WORK REQUIRED: Write out only the lines from the top of the listing below through the one with "text RESPECTO A", exactly as they stand, while keeping pictures out of the copy.

== == ==

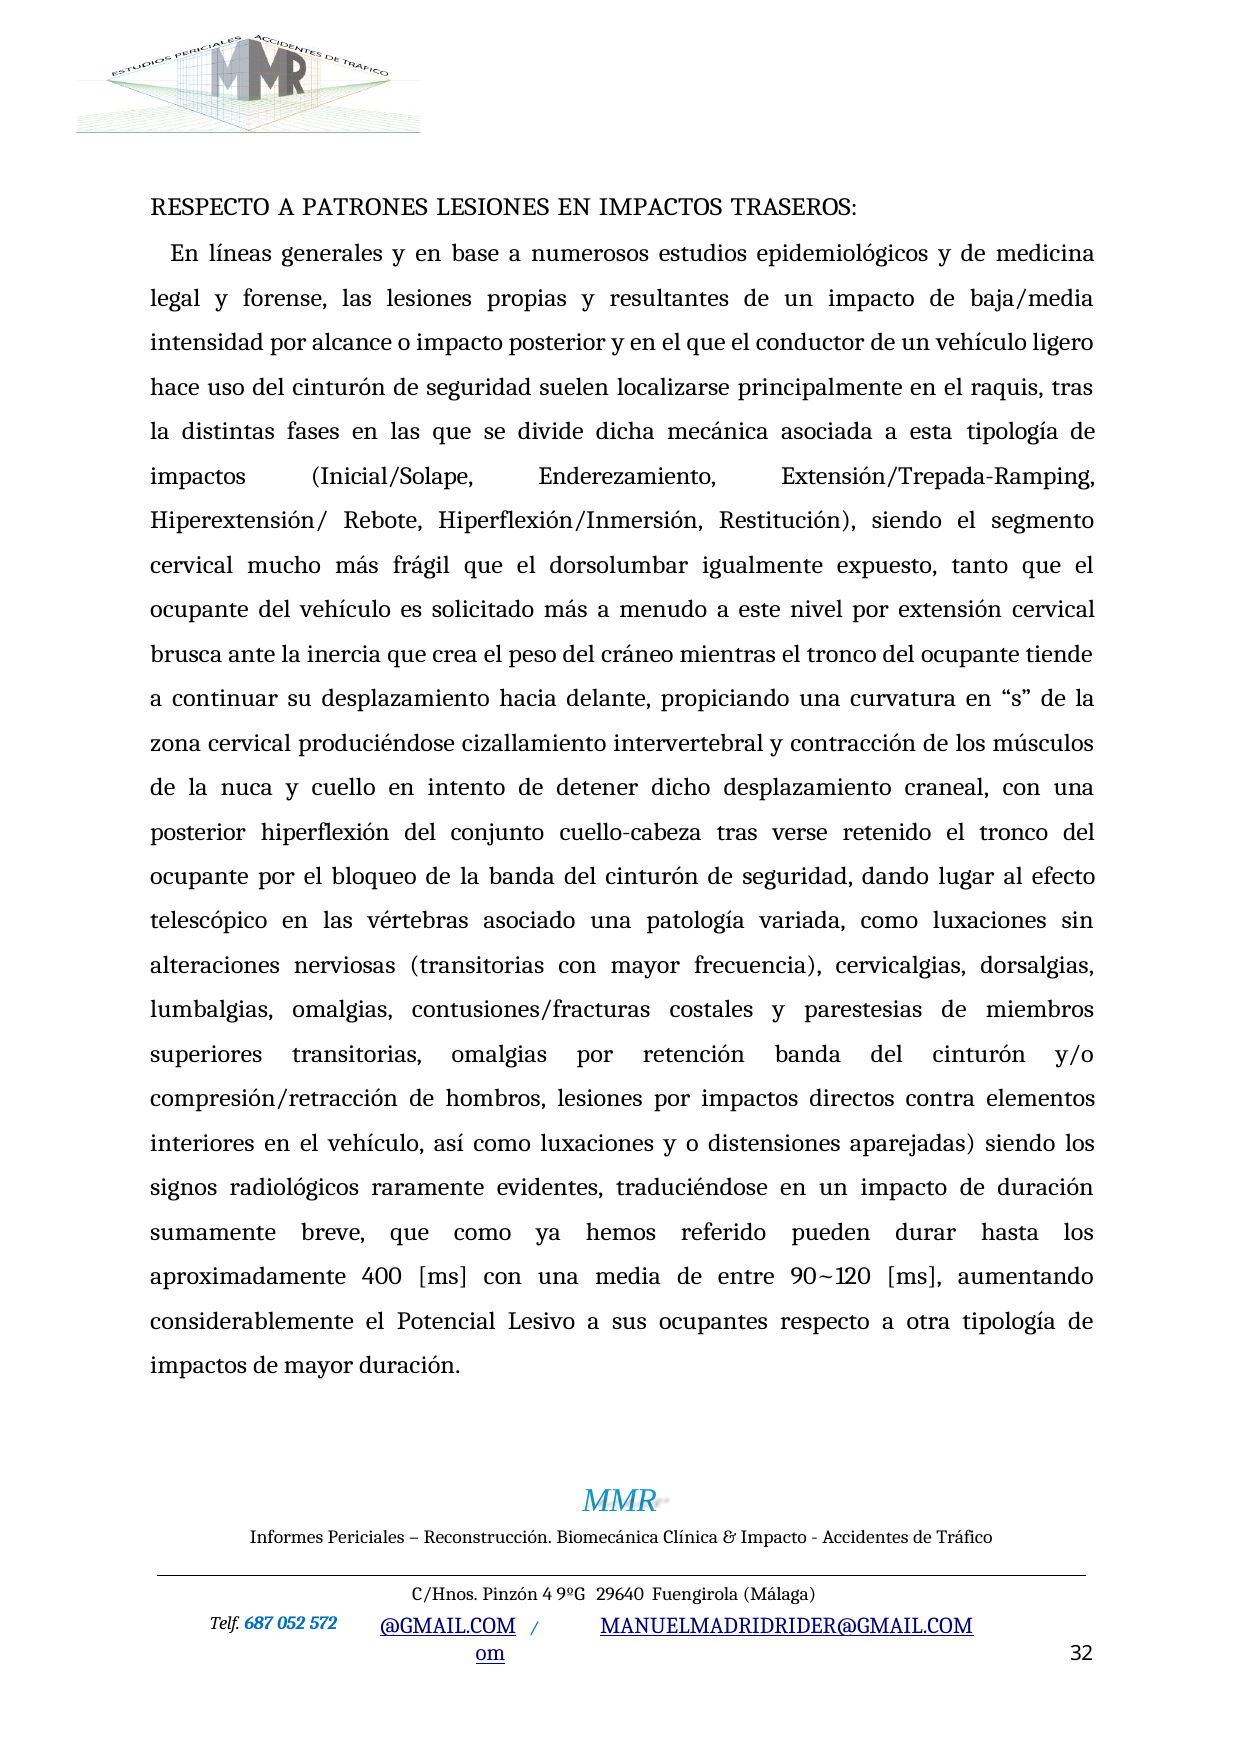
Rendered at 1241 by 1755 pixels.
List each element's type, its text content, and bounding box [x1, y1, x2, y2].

text RESPECTO A PATRONES LESIONES EN IMPACTOS TRASEROS: [150, 193, 1152, 222]
text En líneas generales y en base a numerosos estudios epidemiológicos y de medicina legal y forense, las lesiones propias y resultantes de un impacto de baja/media intensidad por alcance o impacto posterior y en el que el conductor de un vehículo ligero hace uso del cinturón de seguridad suelen localizarse principalmente en el raquis, tras la distintas fases en las que se divide dicha mecánica asociada a esta tipología de impactos (Inicial/Solape, Enderezamiento, Extensión/Trepada-Ramping, Hiperextensión/ Rebote, Hiperflexión/Inmersión, Restitución), siendo el segmento cervical mucho más frágil que el dorsolumbar igualmente expuesto, tanto que el ocupante del vehículo es solicitado más a menudo a este nivel por extensión cervical brusca ante la inercia que crea el peso del cráneo mientras el tronco del ocupante tiende a continuar su desplazamiento hacia delante, propiciando una curvatura en “s” de la zona cervical produciéndose cizallamiento intervertebral y contracción de los músculos de la nuca y cuello en intento de detener dicho desplazamiento craneal, con una posterior hiperflexión del conjunto cuello-cabeza tras verse retenido el tronco del ocupante por el bloqueo de la banda del cinturón de seguridad, dando lugar al efecto telescópico en las vértebras asociado una patología variada, como luxaciones sin alteraciones nerviosas (transitorias con mayor frecuencia), cervicalgias, dorsalgias, lumbalgias, omalgias, contusiones/fracturas costales y parestesias de miembros superiores transitorias, omalgias por retención banda del cinturón y/o compresión/retracción de hombros, lesiones por impactos directos contra elementos interiores en el vehículo, así como luxaciones y o distensiones aparejadas) siendo los signos radiológicos raramente evidentes, traduciéndose en un impacto de duración sumamente breve, que como ya hemos referido pueden durar hasta los aproximadamente 400 [ms] con una media de entre 90~120 [ms], aumentando considerablemente el Potencial Lesivo a sus ocupantes respecto a otra tipología de impactos de mayor duración. [150, 239, 1095, 1380]
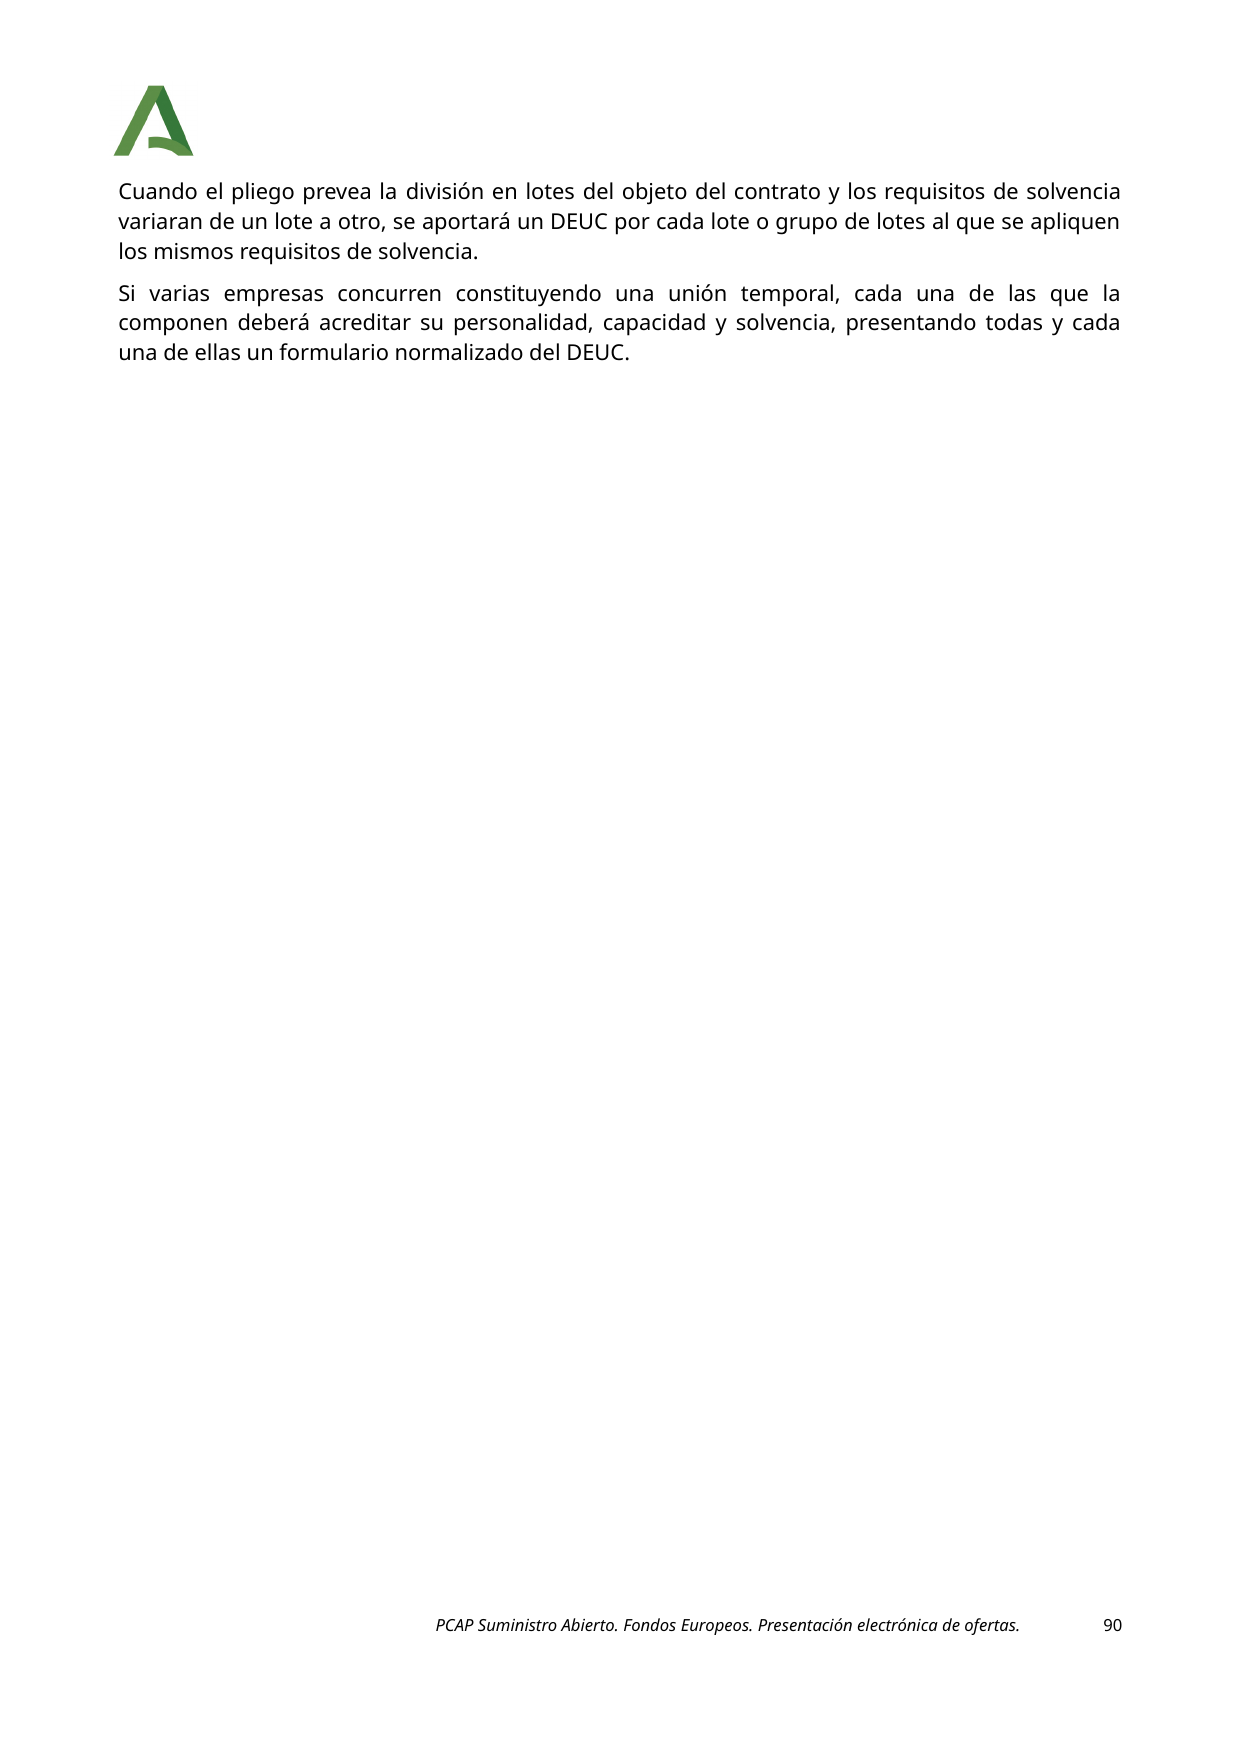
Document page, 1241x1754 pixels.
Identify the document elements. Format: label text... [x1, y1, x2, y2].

text Cuando el pliego prevea la división en lotes del objeto del contrato y los requisitos de solvencia variaran de un lote a otro, se aportará un DEUC por cada lote o grupo de lotes al que se apliquen los mismos requisitos de solvencia. [118, 176, 1122, 266]
text Si varias empresas concurren constituyendo una unión temporal, cada una de las que la componen deberá acreditar su personalidad, capacidad y solvencia, presentando todas y cada una de ellas un formulario normalizado del DEUC. [118, 277, 1122, 367]
picture [109, 81, 198, 160]

== == ==

OUTPUT OF THE EXERCISE:
Rendered at 1241 by 1755 pixels.
List each element's type, its text content, and bounding box [x1, y1, x2, y2].

text RESPECTO A PATRONES LESIONES EN IMPACTOS TRASEROS: [150, 193, 1152, 222]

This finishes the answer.